The proposed bill stands on a sound philosophical footing. We agree with its chief proponent, Hon Femi Gbajabiamila, who asserted that, “Any regulation that allows estimation of bills when the actual consumption can be ascertained is against natural justice and equity and should not stand.”

Sections 68 to 72 capture the amendments to the Principal Act. Section 68 prohibits estimated billing methodology in Nigeria. In part two, Section 68 states the obligations of the parties. Consumers should apply to the Disco, pay the regulated fee for a prepaid meter for installation in his premises while the Disco is obligated to provide the meter in 30 days. Other sub-sections add:

“(3) Customers who elect to buy their prepaid meters through credit advancement metering implementation must state in their applications and such customers must be metered within 30 days of the receipt of their application.

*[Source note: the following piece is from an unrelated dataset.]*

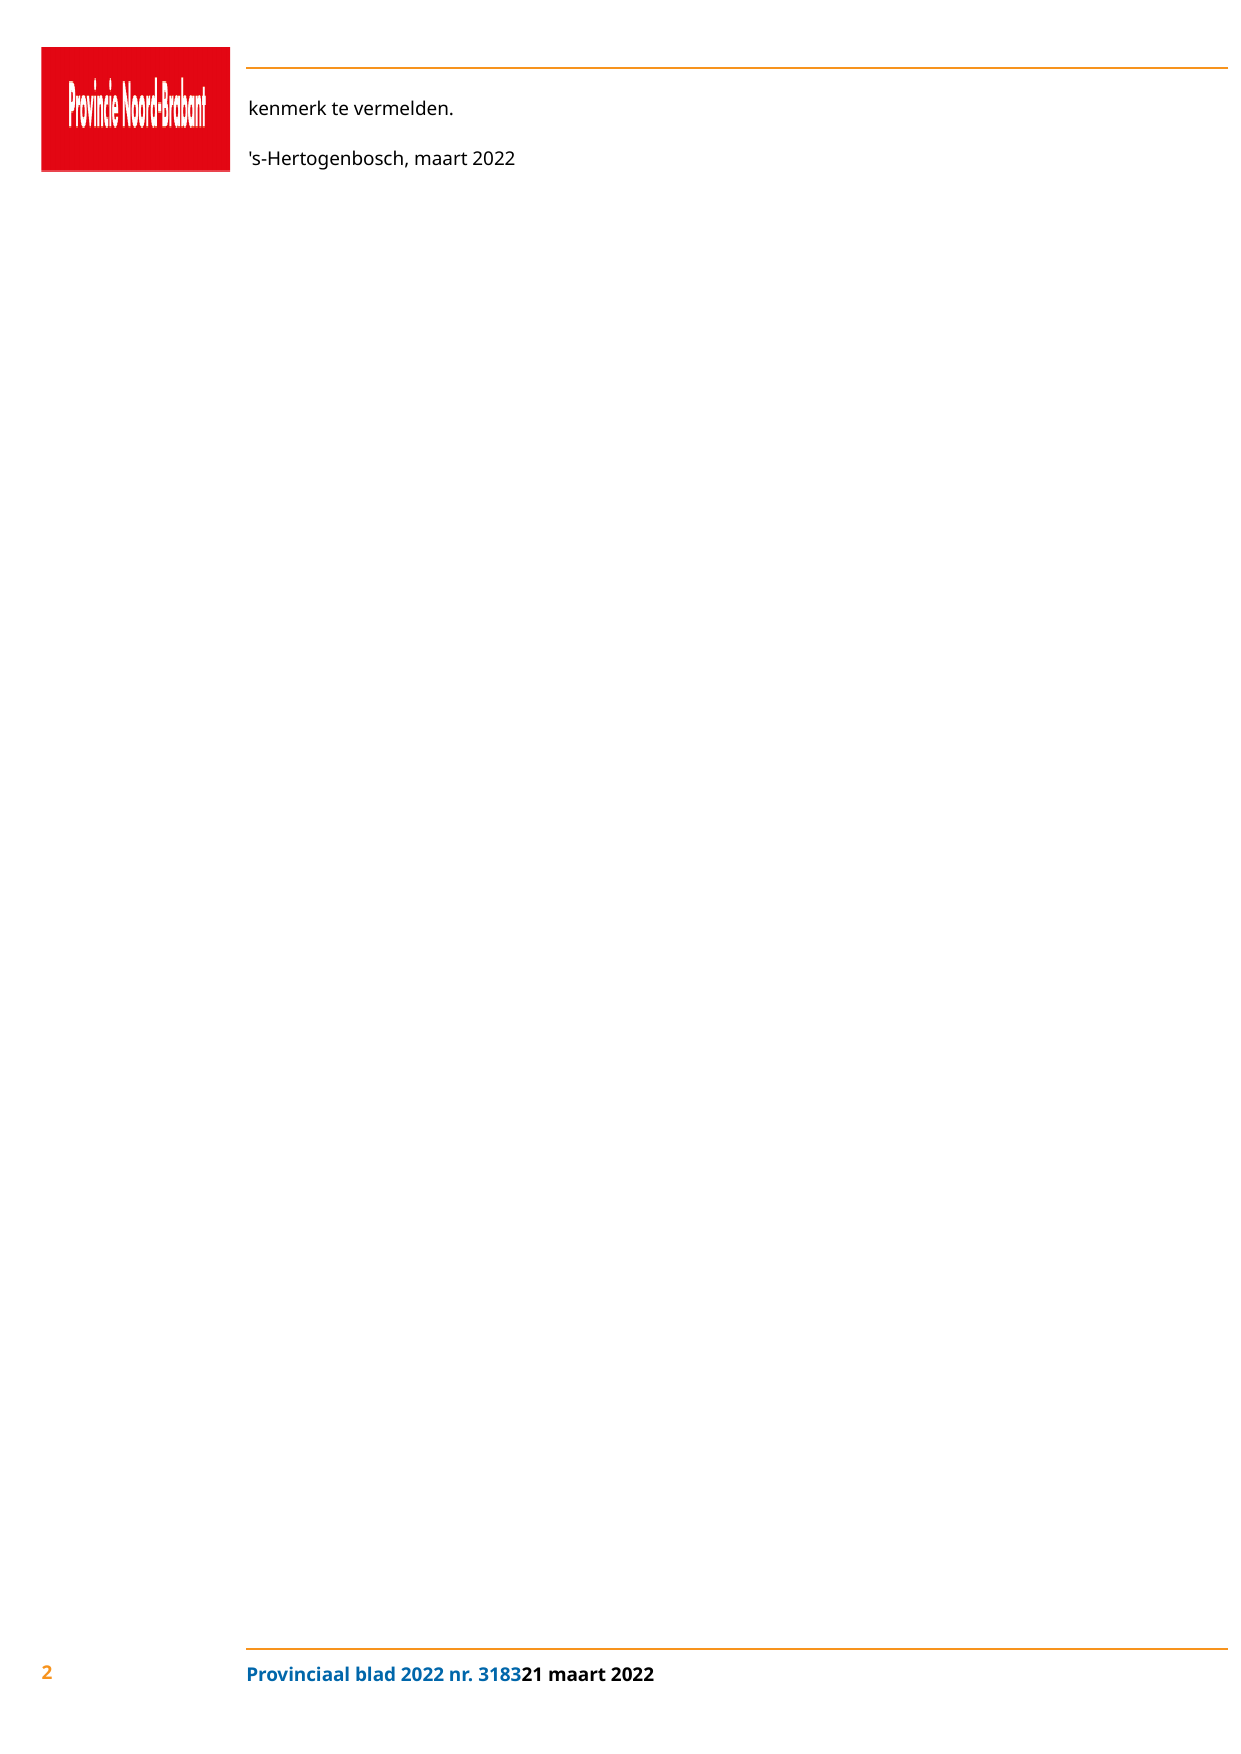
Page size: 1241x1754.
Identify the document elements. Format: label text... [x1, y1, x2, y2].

picture [41, 47, 231, 172]
text kenmerk te vermelden. [248, 95, 1152, 121]
text 's-Hertogenbosch, maart 2022 [248, 145, 1152, 171]

“(4) All electricity charges or billings to the premises of the consumer shall be based strictly on prepaid metering and no consumer shall be made to pay any bill without a prepaid meter first being installed in the premises of the consumer.”

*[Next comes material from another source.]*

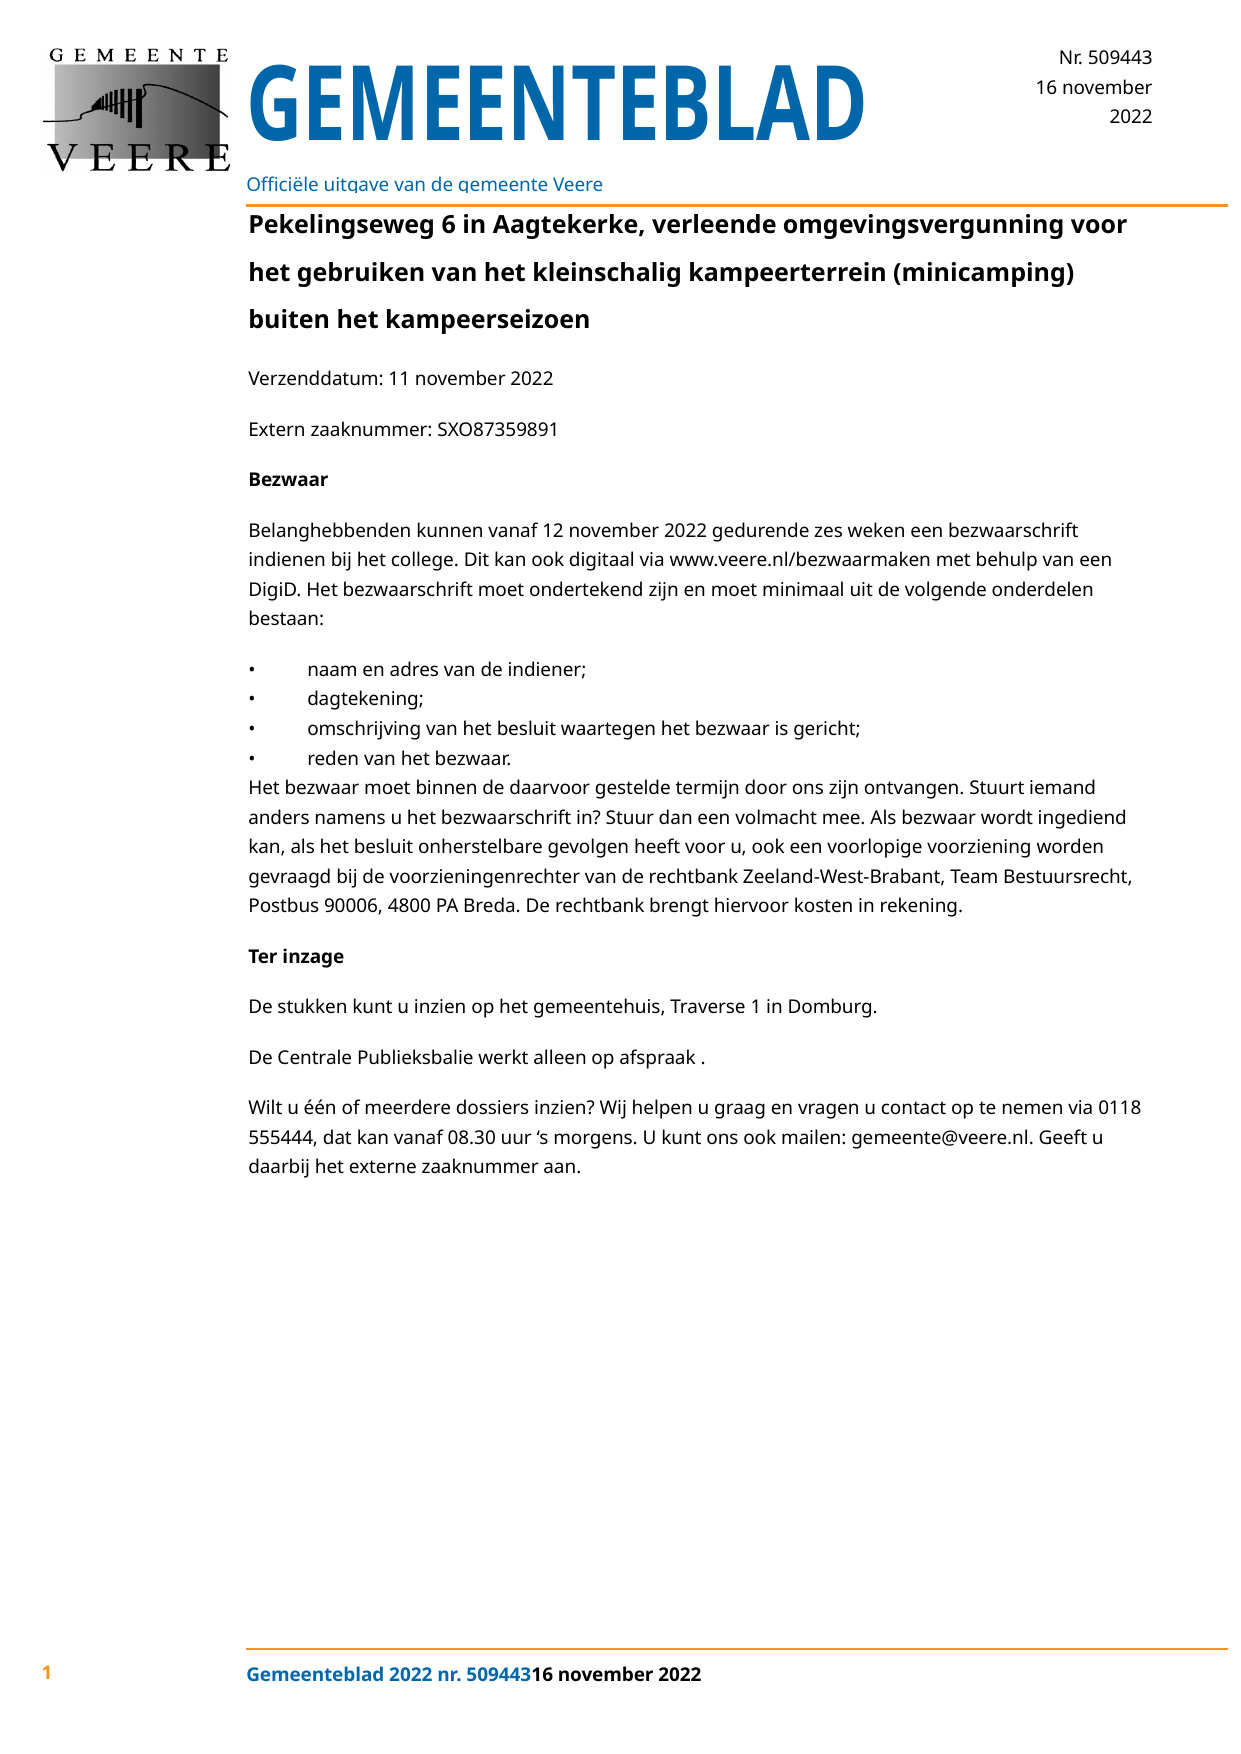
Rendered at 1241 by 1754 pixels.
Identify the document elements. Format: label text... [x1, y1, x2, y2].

Further, the Disco must inform the customer of the nature of meter it has installed for her, tariff methodology and the services available to the customer.

We call on the Senate to concur and pass the bill for presidential assent. We further call on the President to ensure he assents to the bill within this legislative calendar.

Related News

Before this, the Nigerian Electricity Regulatory Commission and the Ministry of Power unveiled the Meter Asset Provider regulation (Regulation No Nerc-R-112)) and the subsequent approval of 87 firms as initial licensees. It is almost a year to the date (March 2018) when they announced this measure. Customers need to see the implementation of this regulation through real term service provision.

There is also the Eligible Customer regulation that would open up supply lines and enable Gencos and independent power producers (IPPs) to bypass the Nigerian Bulk Electricity Trading Plc (NBET) to sell electricity directly to eligible customers. It specifies four categories of eligibility.

Eligible firms are those who

  1. consume not less than 2MW/hr/r in one month and are connected to a metered 11KV or KV point on a distribution network or licensee under a distribution use of system (DUoS agreement
  2. Consume more than 2MW/hr/h every month and are connected directly to a metered 33kv delivery point on the transmission network under a Transmission Use of System (TUos) agreement
  • Consume more than 2MW/hr/h within a month, connect directly to the metering facility of a Genco and enters a bilateral agreement to build its distribution line with licensee over the area
  1. A user connected to a metered 132kv and 330kv delivery point on the transmission network under a TUoS agreement.

Then there is the Solar Power Project under which the Power Ministry would concession the rooftops of Ministries Departments and Agencies of the Federal Government to private solar power developers to generate electricity. The PPP arrangement envisages that the solar power firms would supply 750kw day time and 75kw nighttime electrical energy to the Ministry of Power as test case. The Federal Executive Council approved this proposal with ten years tenure.

There are extant opportunities for investment in the Nigerian power sector. Areas include gas, coal to power, transmission and distribution network and renewable energy of hydro, solar, and wind. Local and international investors need to take up the opportunities.

We commend the policies on ground. We note, however sadly, that they are yet to take off or to translate to deliverables for the consumer. The test of policies lies in execution and outcomes. The various well-intentioned policies on power need to become action points for the consumer, eye-marked rather than the traditional ear-marked projects of Nigerian officialdom. Bring on the power, please.